As for dinner... I'm usually too tired to cook myself something, so unless I have lunch meat to make a sandwich, I'll eat chips or pretzels for dinner. If those just aren't cutting it, I'll order a pizza. Obviously, this isn't exactly the healthiest diet.

Basically, I'm this big slob at home. I don't change the garbage bags in my trash cans until they're practically overflowing. I leave dishes in the sink for days at a time. I have a pile of Drug Topic magazines just sitting on my desk. I originally meant to read through them, but I just never got around to it, so now they just add to the clutter. Other than basketball, which I play once or twice a week, I haven't done any form of exercise in months. Because of this and my horrible diet, I've gained 11 pounds since October.

I was never ever like this before.

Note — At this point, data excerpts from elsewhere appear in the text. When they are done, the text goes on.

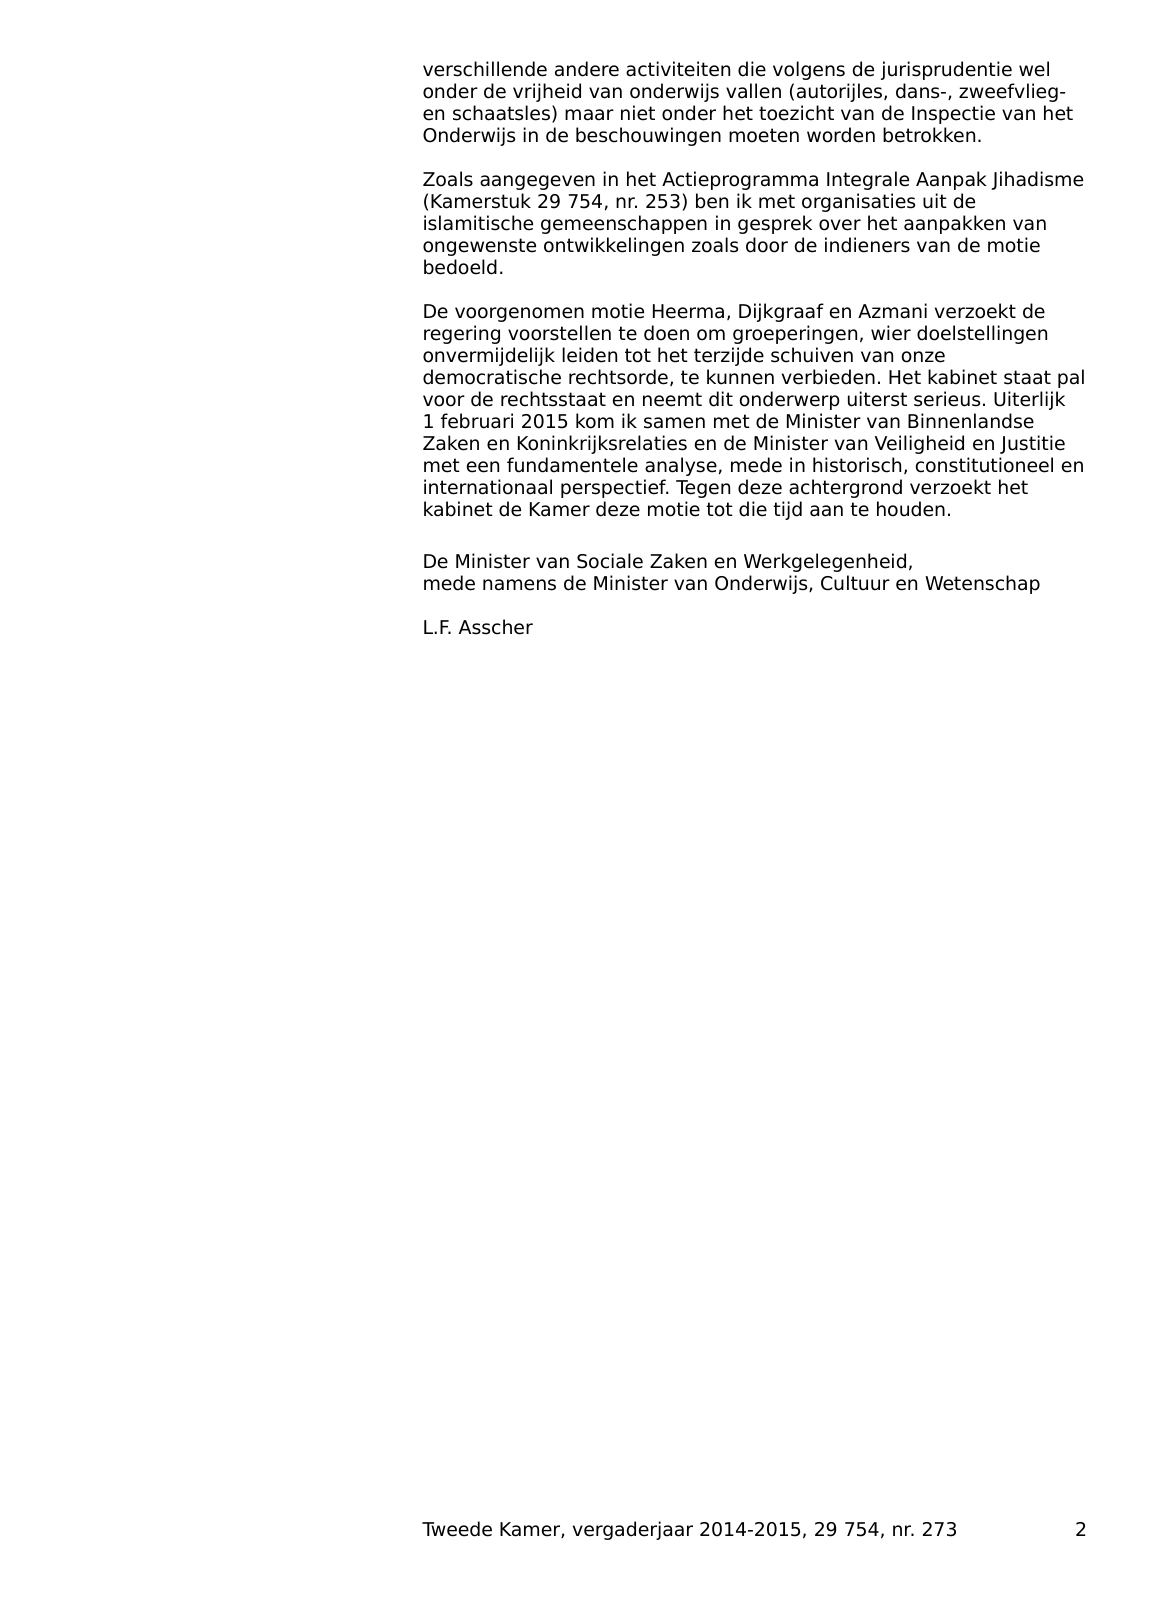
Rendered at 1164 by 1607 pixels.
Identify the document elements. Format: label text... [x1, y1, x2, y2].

text De Minister van Sociale Zaken en Werkgelegenheid, mede namens de Minister van Onderwijs, Cultuur en Wetenschap L.F. Asscher [422, 551, 1087, 639]
text Zoals aangegeven in het Actieprogramma Integrale Aanpak Jihadisme (Kamerstuk 29 754, nr. 253) ben ik met organisaties uit de islamitische gemeenschappen in gesprek over het aanpakken van ongewenste ontwikkelingen zoals door de indieners van de motie bedoeld. [422, 169, 1087, 279]
text verschillende andere activiteiten die volgens de jurisprudentie wel onder de vrijheid van onderwijs vallen (autorijles, dans-, zweefvlieg- en schaatsles) maar niet onder het toezicht van de Inspectie van het Onderwijs in de beschouwingen moeten worden betrokken. [422, 59, 1087, 147]
text De voorgenomen motie Heerma, Dijkgraaf en Azmani verzoekt de regering voorstellen te doen om groeperingen, wier doelstellingen onvermijdelijk leiden tot het terzijde schuiven van onze democratische rechtsorde, te kunnen verbieden. Het kabinet staat pal voor de rechtsstaat en neemt dit onderwerp uiterst serieus. Uiterlijk 1 februari 2015 kom ik samen met de Minister van Binnenlandse Zaken en Koninkrijksrelaties en de Minister van Veiligheid en Justitie met een fundamentele analyse, mede in historisch, constitutioneel en internationaal perspectief. Tegen deze achtergrond verzoekt het kabinet de Kamer deze motie tot die tijd aan te houden. [422, 301, 1087, 521]
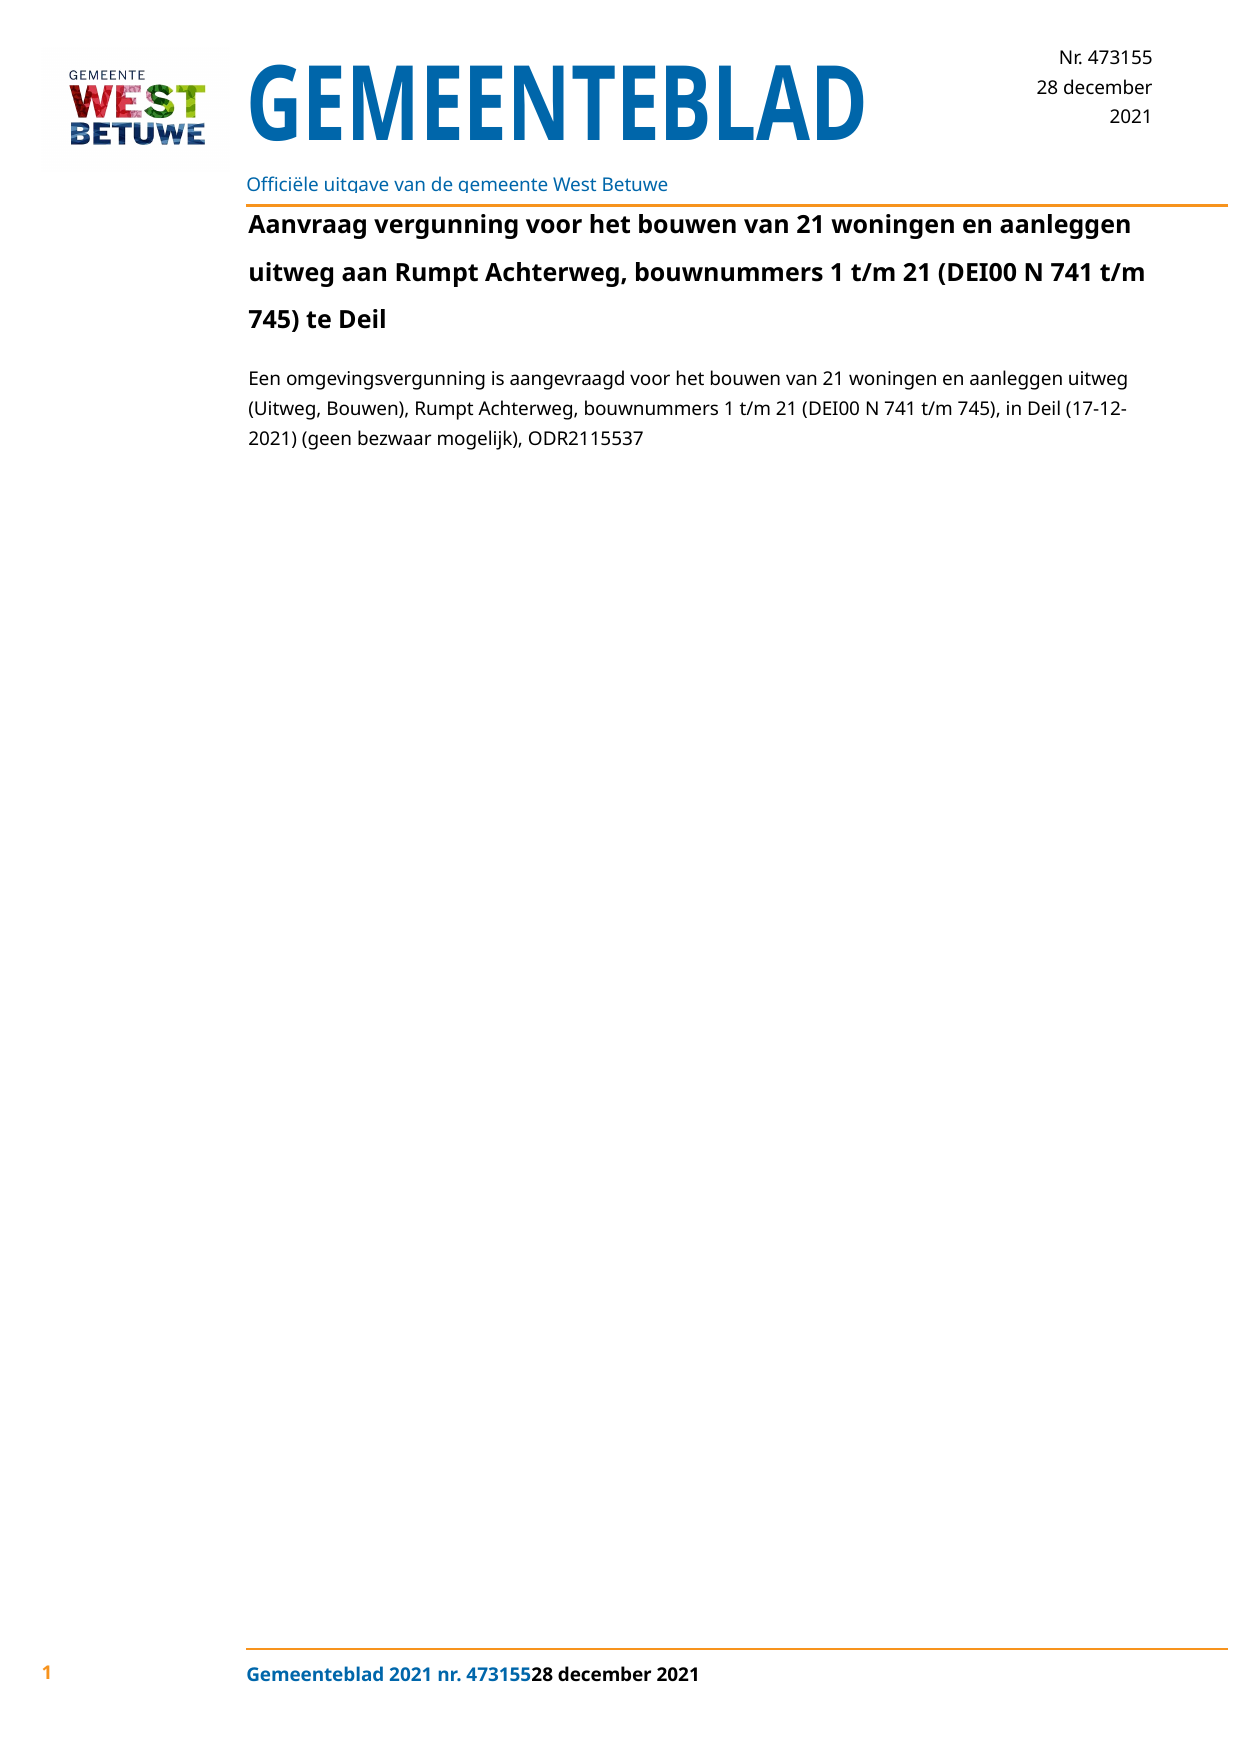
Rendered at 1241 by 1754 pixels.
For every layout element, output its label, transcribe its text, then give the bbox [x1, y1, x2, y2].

When I was growing up and even when I was in college, I always liked things to be neat. I made my bed every single day. I always hung up my clothes. I never left papers or books just lying around. I used to exercise (push-ups, crunches, and other stuff like that) daily. However, ever since becoming a pharmacist, I just don't have the energy for it. I've tried to get back to my old habits. I'm usually good for a week or two before I go right back to being lazy again.

My job just sucks the life right out of me. All I can do afterwards is come home and crash. I often complain about my lack of a love-life, but I honestly can't see how I could even have a successful relationship without burning myself out completely. I just don't have the energy to deal with going out, or celebrating birthdays and anniversaries.

Alright... That's all I've got for now.

Thursday, April 10, 2008

A Quick Blurb About Education

I have a few friends who are teachers, and I know and have spoken to several people with young children in the school system. All these people tell me how the emphasis on learning has switched from taking tests to doing these elaborate, hands-on projects. The idea is that we need to be getting children actively involved in the learning process at a young age, and the best way to do it is by giving them creative projects (dioramas, science fair projects, poster boards, etc.). Someone I recently spoke to told me that her son's science fair project takes up 80% of his last marking period grade!!

I think this idea is freaking stupid. I hated projects when I was a kid. I hated them with a passion. I would rather take 100 tests than make a stupid poster or do some other "creative" project. In fact, one time when given the option to either make a crossword puzzle using the words in the chapter of my spelling book or to answer every single question in the chapter, I chose to answer every question in the chapter. I was the only one in my class to do so.... Wouldn't you know, I was also the only person in the class to get a 100 on that spelling test (which included spelling, definitions, using in sentences, etc.).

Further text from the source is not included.